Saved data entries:

= = =

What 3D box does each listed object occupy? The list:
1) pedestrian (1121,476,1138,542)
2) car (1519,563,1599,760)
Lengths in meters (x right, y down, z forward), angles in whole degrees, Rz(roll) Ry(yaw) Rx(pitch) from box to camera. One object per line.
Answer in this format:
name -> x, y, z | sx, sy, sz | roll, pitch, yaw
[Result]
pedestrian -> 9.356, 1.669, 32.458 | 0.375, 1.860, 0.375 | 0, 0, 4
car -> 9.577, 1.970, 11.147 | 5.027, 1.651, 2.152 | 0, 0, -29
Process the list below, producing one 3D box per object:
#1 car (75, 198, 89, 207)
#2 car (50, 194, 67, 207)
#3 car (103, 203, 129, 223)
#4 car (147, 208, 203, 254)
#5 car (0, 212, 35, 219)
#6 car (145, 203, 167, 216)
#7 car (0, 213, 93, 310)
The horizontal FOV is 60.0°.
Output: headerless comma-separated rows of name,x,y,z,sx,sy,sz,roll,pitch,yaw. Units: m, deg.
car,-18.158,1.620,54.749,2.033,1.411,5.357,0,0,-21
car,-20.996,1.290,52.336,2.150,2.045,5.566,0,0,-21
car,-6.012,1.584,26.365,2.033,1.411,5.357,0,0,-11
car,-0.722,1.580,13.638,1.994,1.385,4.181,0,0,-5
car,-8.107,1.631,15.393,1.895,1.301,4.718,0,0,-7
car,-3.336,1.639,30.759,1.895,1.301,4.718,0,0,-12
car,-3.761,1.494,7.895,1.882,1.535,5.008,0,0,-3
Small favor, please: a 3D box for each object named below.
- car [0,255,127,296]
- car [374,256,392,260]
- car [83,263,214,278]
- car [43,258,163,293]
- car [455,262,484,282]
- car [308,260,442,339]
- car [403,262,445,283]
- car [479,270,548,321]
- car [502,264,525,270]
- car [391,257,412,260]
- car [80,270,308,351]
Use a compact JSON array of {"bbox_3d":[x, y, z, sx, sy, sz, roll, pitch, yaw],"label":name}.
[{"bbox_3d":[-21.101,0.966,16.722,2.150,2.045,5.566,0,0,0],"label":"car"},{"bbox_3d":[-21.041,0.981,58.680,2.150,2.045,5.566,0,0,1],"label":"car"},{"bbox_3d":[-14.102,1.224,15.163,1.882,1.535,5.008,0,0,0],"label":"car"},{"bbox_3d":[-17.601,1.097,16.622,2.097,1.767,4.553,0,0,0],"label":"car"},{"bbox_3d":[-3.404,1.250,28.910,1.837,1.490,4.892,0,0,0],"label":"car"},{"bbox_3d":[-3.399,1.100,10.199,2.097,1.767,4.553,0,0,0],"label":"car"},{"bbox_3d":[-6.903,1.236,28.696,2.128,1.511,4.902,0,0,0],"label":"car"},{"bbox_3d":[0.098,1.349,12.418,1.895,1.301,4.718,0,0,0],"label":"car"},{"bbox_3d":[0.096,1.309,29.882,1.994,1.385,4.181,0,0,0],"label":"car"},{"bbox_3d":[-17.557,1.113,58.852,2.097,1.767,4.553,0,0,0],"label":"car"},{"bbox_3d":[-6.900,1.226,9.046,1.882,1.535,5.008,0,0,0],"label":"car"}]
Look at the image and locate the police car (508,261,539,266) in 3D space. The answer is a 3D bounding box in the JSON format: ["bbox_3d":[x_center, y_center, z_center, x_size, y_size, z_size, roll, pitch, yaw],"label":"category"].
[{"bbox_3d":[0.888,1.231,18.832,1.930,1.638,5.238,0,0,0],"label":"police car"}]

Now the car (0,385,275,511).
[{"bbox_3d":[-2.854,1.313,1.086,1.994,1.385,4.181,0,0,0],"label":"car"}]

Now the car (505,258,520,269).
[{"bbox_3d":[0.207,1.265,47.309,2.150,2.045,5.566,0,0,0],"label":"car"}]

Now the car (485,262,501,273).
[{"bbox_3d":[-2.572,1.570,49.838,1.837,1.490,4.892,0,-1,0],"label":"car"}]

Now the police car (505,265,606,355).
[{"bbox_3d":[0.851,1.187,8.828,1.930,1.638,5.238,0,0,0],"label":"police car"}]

= = =

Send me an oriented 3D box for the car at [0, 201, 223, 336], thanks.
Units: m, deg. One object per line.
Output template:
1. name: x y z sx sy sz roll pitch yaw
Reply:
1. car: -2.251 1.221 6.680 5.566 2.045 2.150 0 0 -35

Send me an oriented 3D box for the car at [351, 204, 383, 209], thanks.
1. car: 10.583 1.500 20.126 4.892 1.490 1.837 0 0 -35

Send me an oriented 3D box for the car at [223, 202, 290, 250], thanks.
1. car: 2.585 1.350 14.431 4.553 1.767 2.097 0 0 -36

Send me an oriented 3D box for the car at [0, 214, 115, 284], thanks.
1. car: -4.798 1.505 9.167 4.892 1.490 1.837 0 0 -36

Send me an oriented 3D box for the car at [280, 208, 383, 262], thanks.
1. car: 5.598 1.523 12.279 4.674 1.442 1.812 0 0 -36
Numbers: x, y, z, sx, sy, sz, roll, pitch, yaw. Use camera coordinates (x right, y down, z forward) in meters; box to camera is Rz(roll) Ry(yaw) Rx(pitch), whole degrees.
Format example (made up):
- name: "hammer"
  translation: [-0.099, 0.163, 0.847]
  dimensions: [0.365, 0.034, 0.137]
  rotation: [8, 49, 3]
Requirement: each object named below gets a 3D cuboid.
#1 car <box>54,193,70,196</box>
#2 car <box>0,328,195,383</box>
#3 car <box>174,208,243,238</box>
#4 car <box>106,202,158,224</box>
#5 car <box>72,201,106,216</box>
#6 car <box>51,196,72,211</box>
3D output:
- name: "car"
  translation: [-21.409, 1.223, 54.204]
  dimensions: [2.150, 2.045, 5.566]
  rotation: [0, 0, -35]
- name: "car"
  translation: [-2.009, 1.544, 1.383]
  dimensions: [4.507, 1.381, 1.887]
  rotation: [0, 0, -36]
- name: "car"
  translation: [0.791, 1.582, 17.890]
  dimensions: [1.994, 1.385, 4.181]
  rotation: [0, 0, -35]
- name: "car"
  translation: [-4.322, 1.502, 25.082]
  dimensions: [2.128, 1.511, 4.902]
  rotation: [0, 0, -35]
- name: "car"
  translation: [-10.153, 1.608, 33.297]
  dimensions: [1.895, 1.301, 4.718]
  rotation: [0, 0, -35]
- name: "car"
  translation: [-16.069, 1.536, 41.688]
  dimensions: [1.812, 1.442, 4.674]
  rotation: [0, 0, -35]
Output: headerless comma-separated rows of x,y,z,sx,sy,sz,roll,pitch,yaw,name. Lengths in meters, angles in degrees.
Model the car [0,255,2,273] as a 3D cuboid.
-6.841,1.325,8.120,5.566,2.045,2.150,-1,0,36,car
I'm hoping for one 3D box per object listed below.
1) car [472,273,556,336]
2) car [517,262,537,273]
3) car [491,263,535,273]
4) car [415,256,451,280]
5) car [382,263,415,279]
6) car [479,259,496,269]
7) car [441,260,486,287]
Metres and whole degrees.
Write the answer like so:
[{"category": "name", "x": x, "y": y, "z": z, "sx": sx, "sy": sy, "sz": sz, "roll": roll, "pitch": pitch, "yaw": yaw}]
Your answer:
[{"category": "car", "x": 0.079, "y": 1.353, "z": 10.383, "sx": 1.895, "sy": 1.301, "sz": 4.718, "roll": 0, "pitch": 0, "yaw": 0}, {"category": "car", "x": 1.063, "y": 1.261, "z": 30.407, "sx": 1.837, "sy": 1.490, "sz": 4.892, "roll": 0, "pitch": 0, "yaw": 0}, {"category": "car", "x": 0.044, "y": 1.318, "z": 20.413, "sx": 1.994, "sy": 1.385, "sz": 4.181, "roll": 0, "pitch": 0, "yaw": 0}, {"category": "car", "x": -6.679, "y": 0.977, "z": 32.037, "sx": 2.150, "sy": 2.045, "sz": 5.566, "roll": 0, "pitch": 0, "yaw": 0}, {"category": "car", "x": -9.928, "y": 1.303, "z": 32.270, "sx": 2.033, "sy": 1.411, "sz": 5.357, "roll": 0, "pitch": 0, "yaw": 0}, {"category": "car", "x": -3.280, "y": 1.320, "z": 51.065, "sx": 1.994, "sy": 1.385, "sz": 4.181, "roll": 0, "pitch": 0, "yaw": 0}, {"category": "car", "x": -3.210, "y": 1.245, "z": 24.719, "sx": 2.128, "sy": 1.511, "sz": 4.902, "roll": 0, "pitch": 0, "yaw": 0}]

= = =

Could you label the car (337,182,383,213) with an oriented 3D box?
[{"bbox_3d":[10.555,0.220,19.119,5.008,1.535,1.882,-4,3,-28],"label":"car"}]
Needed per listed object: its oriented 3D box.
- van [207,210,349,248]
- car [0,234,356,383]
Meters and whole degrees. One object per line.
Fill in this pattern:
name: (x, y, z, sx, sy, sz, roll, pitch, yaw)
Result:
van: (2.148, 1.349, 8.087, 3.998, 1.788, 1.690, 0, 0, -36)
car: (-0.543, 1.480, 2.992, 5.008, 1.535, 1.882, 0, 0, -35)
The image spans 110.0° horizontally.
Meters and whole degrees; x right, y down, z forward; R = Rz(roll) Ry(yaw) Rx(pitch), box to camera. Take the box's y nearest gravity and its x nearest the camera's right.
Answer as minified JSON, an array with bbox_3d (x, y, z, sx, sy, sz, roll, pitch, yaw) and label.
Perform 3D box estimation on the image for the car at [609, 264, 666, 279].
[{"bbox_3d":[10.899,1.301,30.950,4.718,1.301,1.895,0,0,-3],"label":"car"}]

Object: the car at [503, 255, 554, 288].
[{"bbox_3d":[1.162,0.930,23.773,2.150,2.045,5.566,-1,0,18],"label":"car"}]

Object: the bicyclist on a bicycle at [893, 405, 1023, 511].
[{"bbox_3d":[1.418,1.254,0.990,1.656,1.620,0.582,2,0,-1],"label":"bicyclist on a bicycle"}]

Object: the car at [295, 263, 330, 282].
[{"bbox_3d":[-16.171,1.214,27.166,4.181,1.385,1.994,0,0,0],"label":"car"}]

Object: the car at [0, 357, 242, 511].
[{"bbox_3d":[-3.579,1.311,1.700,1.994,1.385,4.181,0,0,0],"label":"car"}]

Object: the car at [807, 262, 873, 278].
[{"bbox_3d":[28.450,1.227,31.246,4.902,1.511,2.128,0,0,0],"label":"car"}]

= = =

### Activity:
Looking at the records above, return exactly the lines from the line with "rotation: [8, 49, 3]" to the line with "#6 car <box>51,196,72,211</box>", both ends included.

### Answer for the task:
  rotation: [8, 49, 3]
Requirement: each object named below gets a 3D cuboid.
#1 car <box>54,193,70,196</box>
#2 car <box>0,328,195,383</box>
#3 car <box>174,208,243,238</box>
#4 car <box>106,202,158,224</box>
#5 car <box>72,201,106,216</box>
#6 car <box>51,196,72,211</box>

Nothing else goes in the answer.